Année de fondation: 1932

Du 30 août au 9 septembrePosition stratégique

Au cours de la dernière décennie, le plus vieux festival international du cinéma du monde a repris beaucoup de vigueur, grâce notamment à la présence de productions américaines de prestige. Le premier grand festival compétitif de la rentrée sert en effet de rampe de lancement pour des longs métrages susceptibles de briller au cours de la prochaine saison des récompenses. L'an dernier, le film d'ouverture de la Mostra n'était nul autre que La La Land (Damien Chazelle), présenté au Lido en primeur mondiale. Arrival (Denis Villeneuve) et Hacksaw Ridge (Mel Gibson), deux longs métrages aussi cités aux Oscars dans la catégorie du meilleur film, ont aussi été montrés en primeur à Venise. Cette année, Downsizing, le nouveau film d'Alexander Payne (Sideways, Nebraska), ouvrira la 74e Mostra internazionale d'arte cinematografica di Venezia. Matt Damon et Kristen Wiig en sont les têtes d'affiche.

Un volet compétitif?

La compétition vénitienne est l'une des plus relevées du circuit. Cette année, 21 longs métrages se disputeront le très convoité Lion d'or, parmi lesquels, outre Downsizing, Mother! (Darren Aronofsky), The Shape of Water (Guillermo del Toro), Suburbicon (George Clooney), Mektoub My Love (Abdellatif Kechiche), La villa (Robert Guédiguian) et Human Flow (Ai Weiwei). Le jury, qui sera présidé cette année par Annette Bening, a souvent tendance à récompenser les oeuvres plus pointues (The Woman Who Left de Lav Diaz l'an dernier). Le dernier film québécois à avoir concouru pour le Lion d'or, Tom à la ferme (Xavier Dolan), avait été écarté du palmarès officiel, mais avait obtenu le prix de la critique internationale.

Les primeurs

À quelques exceptions près, la plupart des films sélectionnés à Venise sont présentés en primeur mondiale. À cet égard, la Mostra peut profiter de sa position avantageuse dans le calendrier. En plus de la section compétitive et hors concours, le festival compte une autre section officielle (Horizons est un peu l'équivalent d'Un certain regard à Cannes), à laquelle viennent se greffer aussi deux sections parallèles, Venice Days et La semaine internationale de la critique. C'est dans le cadre de Venice Days que Denis Villeneuve a lancé Incendies en 2010. Il en fut de même pour Jean-Marc Vallée, et deux fois plutôt qu'une (C.R.A.Z.Y. en 2005 et Café de Flore en 2011).

Les vedettes

La présence des têtes d'affiche des films sélectionnés à la Mostra est incontournable (et pratiquement requise comme à Cannes).
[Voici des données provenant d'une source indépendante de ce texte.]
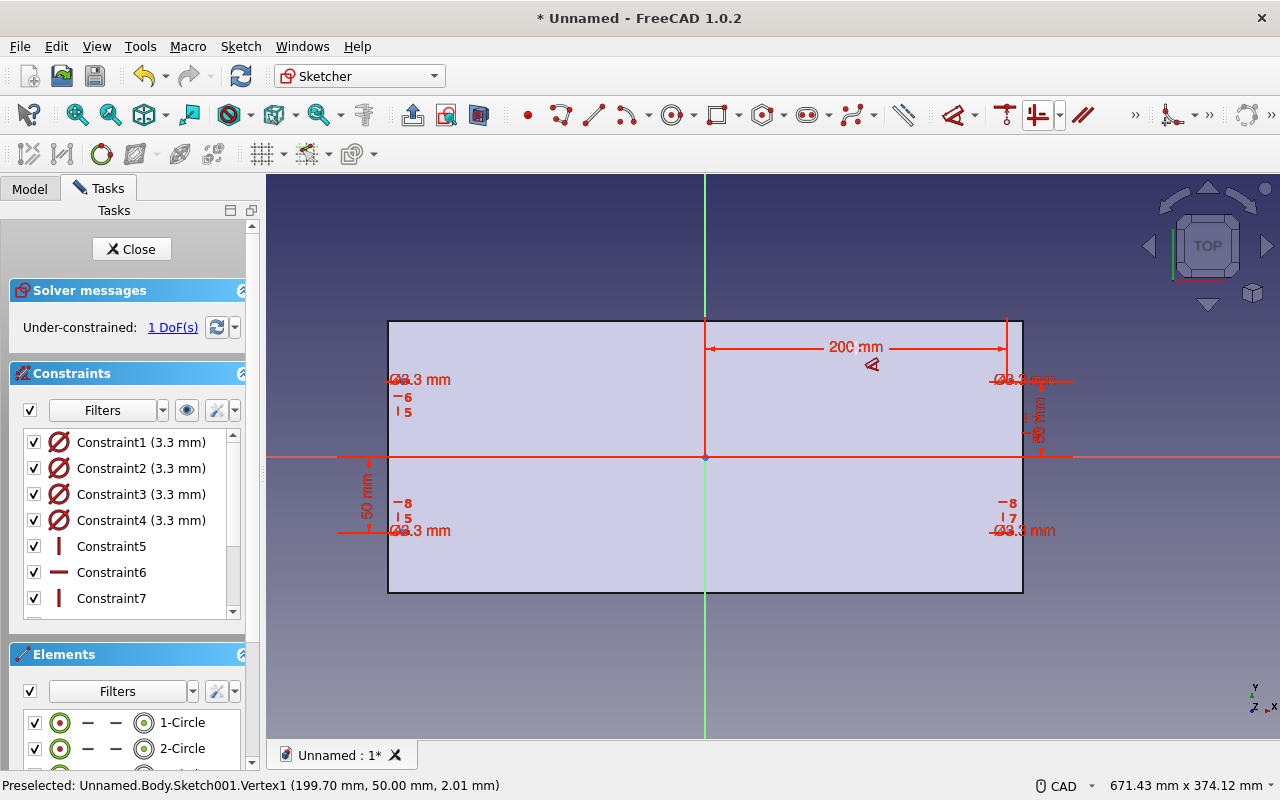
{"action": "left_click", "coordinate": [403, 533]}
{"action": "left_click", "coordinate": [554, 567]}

Elles ne se font pas prier, remarquez. L'endroit est l'un des plus spectaculaires de la planète et les photos des stars arrivant au Lido dans des yachts de luxe font rapidement le tour du monde. Cette année, Julianne Moore, Jennifer Lawrence, Matt Damon, George Clooney, Javier Bardem et bien d'autres sont attendus. Rappelons que Kim Nguyen sera le seul représentant québécois à Venise cette année. Eye on Juliet, un film qu'il a tourné en anglais, met en vedette Lina El Arabi et Joe Cole.

L'histoire

Organisé sous le chapeau de la Biennale de Venise, le festival de cinéma a vu le jour en 1932. Deux ans plus tard, on y attribuait la Coupe Mussolini. Le Palais du cinéma, auguste édifice dans lequel ont lieu les projections les plus prestigieuses, a été érigé en 1937. Ce n'est toutefois qu'en 1948 que le Prix du Lion de San Marco a été attribué pour la première fois. Après les années tumultueuses de la décennie 70, pendant laquelle le volet compétitif a été supprimé, la Mostra a pu se repositionner au cours des années 80 et 90, même si le Festival de Cannes détient incontestablement le titre du festival le plus prestigieux du monde. Sous la gouverne d'Alberto Barbera depuis 2012, la Mostra de Venise peut assurément revendiquer son statut de membre du carré d'as des grands festivals (avec Cannes, Berlin et Toronto). En 2017, la Mostra propose sa 74e édition.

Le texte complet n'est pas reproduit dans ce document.